BEGIN DATA FOR ANALYSIS

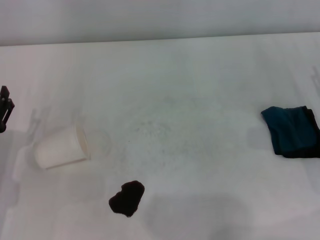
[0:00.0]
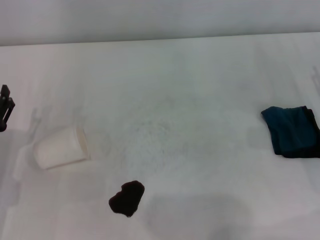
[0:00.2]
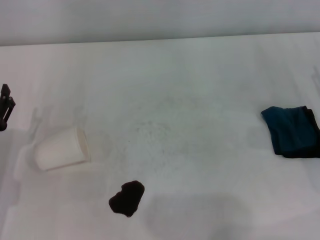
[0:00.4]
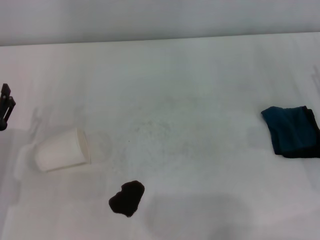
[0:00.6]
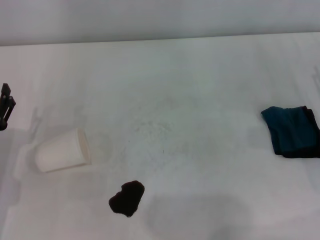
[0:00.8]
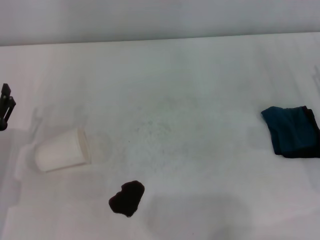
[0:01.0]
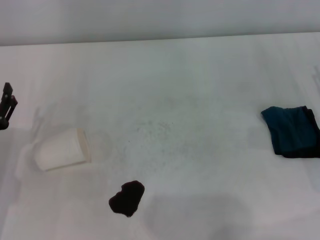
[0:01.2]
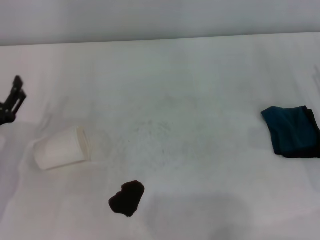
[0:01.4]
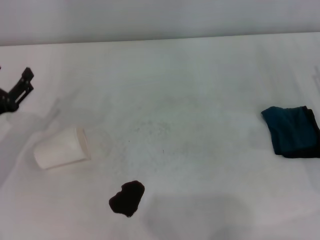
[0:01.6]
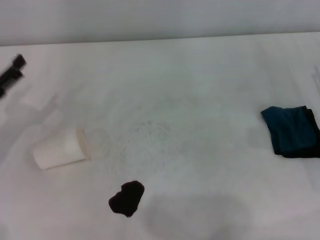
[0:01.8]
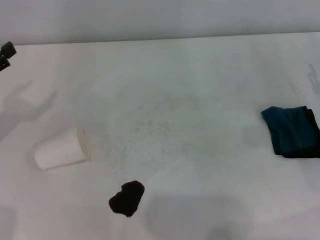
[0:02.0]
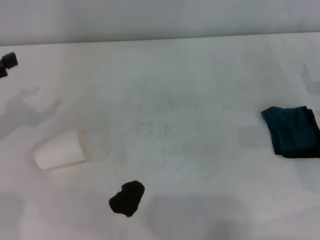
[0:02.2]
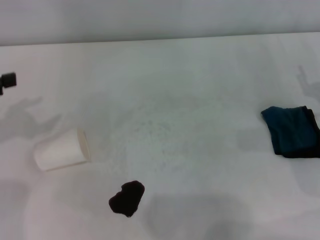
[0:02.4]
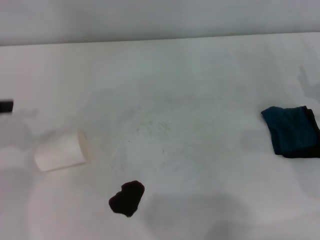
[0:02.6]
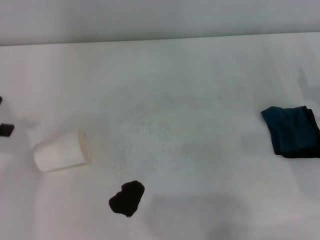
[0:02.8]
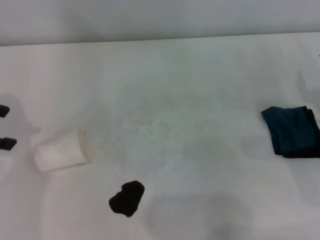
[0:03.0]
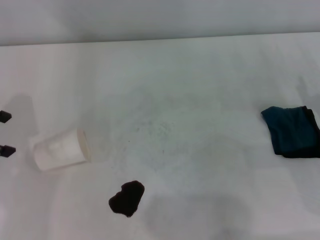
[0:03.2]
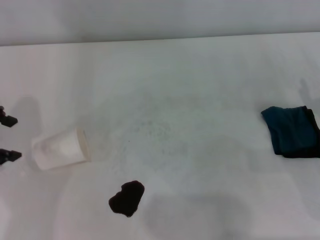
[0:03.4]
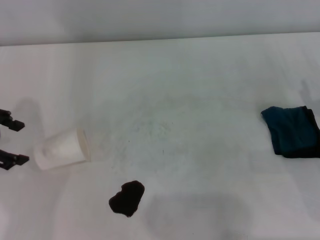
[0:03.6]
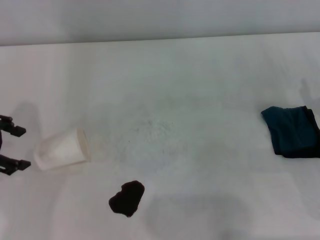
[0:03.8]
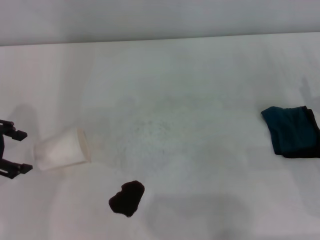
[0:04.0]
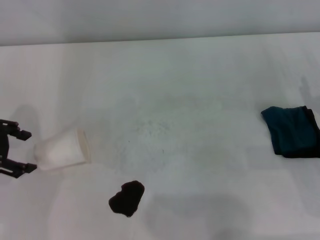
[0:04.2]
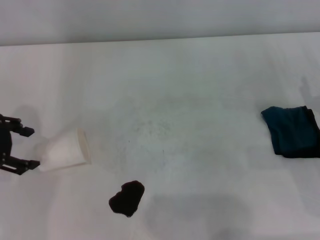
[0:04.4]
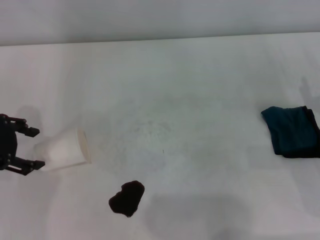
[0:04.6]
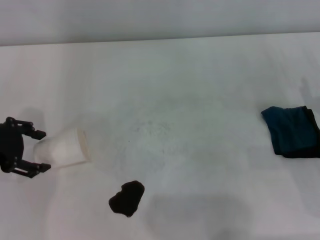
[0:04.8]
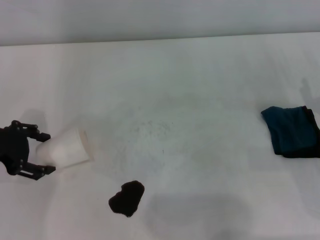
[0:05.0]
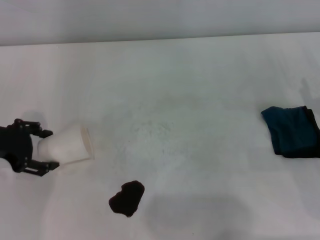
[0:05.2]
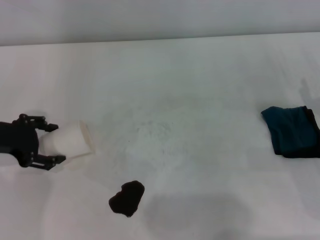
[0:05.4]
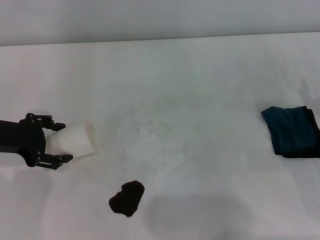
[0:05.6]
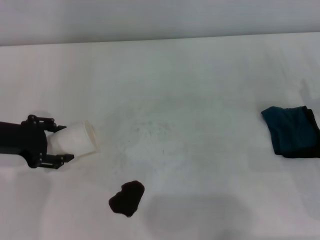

END DATA FOR ANALYSIS

*YOUR OBJECTIVE*.
What's needed is every record restated exactly, pictures excluded.

*OUTPUT*.
[0:00.0]
[0:00.2]
[0:00.4]
[0:00.6]
[0:00.8]
[0:01.0]
[0:01.2]
[0:01.4]
[0:01.6]
[0:01.8]
[0:02.0]
[0:02.2]
[0:02.4]
[0:02.6]
[0:02.8]
[0:03.0]
[0:03.2]
[0:03.4]
[0:03.6]
[0:03.8]
[0:04.0]
[0:04.2]
[0:04.4]
[0:04.6]
[0:04.8]
[0:05.0]
[0:05.2]
[0:05.4]
[0:05.6]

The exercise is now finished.